» **WHAT YOU SHOULD DO**
Once the pictures are removed, restate the listing word for word.

» **AVAILABLE DATA**
_ _ _

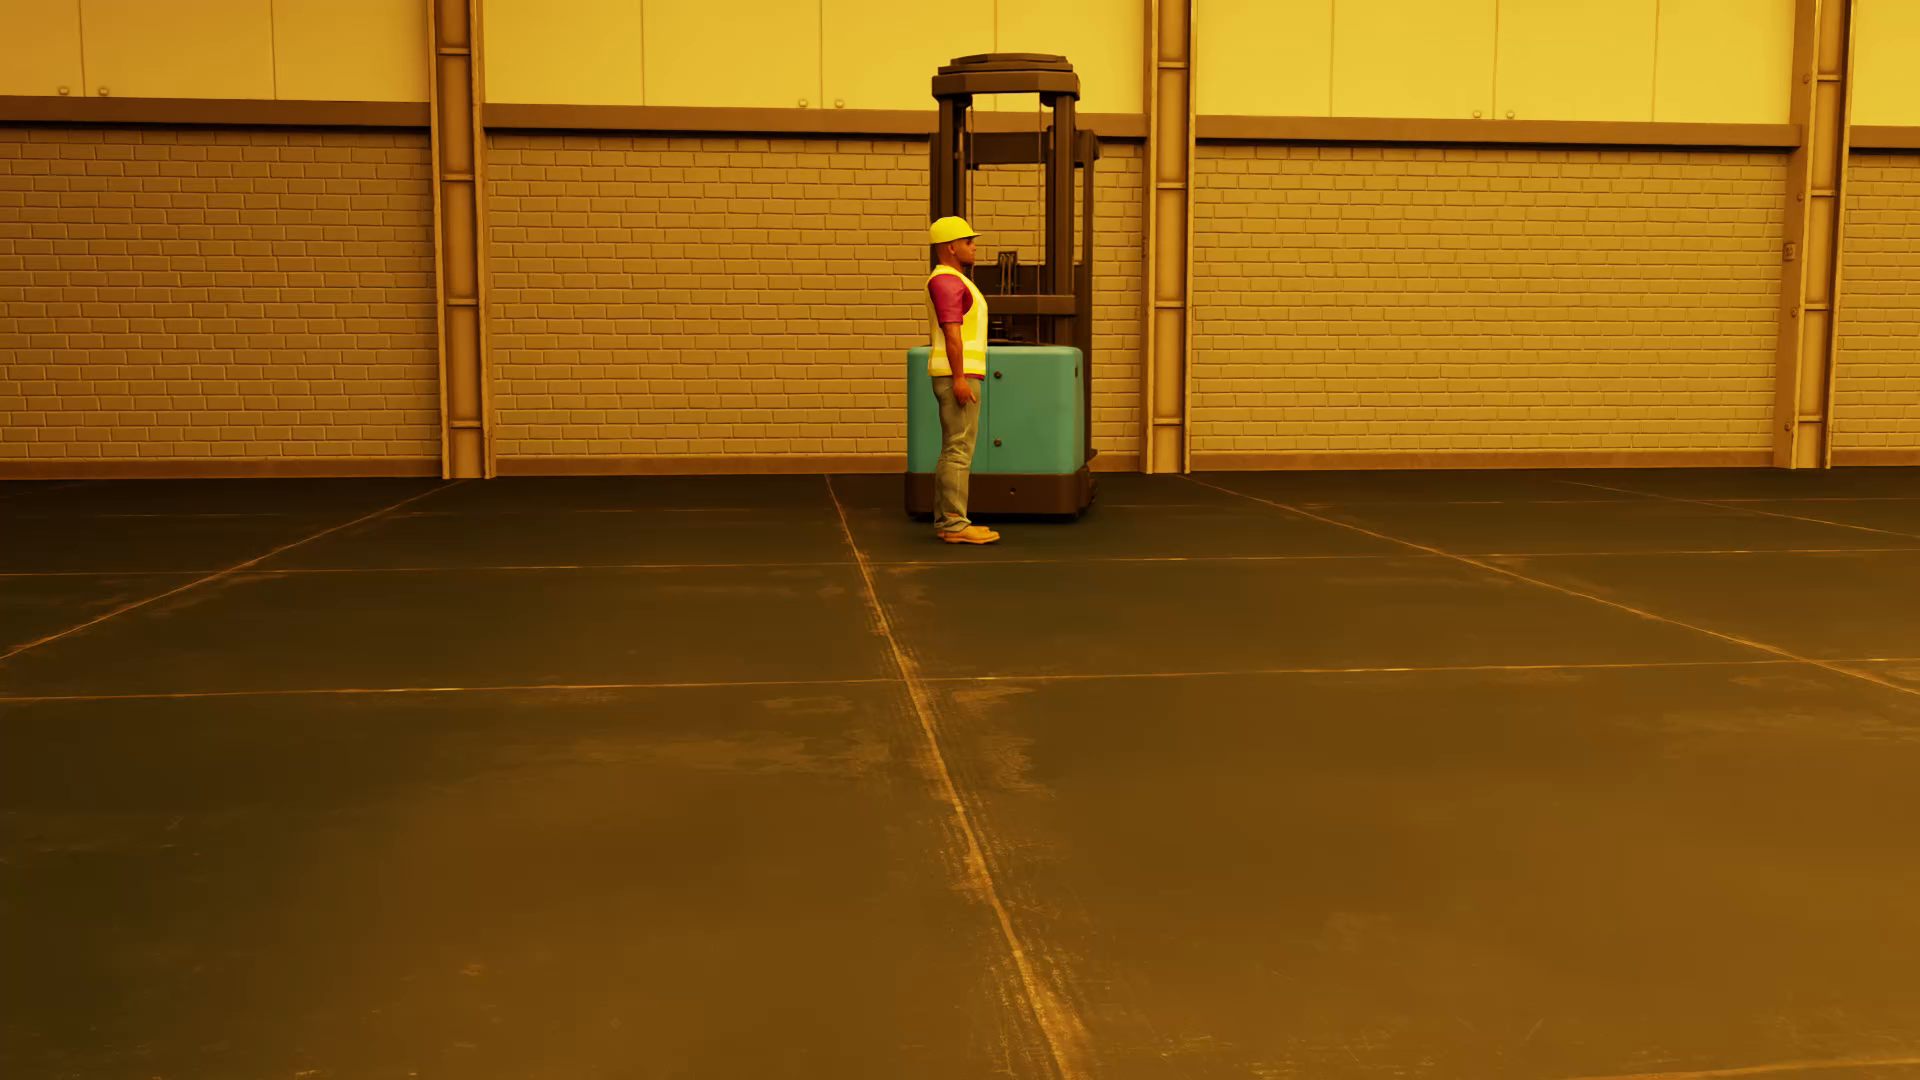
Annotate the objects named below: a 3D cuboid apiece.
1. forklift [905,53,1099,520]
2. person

_ _ _

» **EXERCISE SOLUTION**
Annotate the objects named below: a 3D cuboid apiece.
1. forklift [905,53,1099,520]
2. person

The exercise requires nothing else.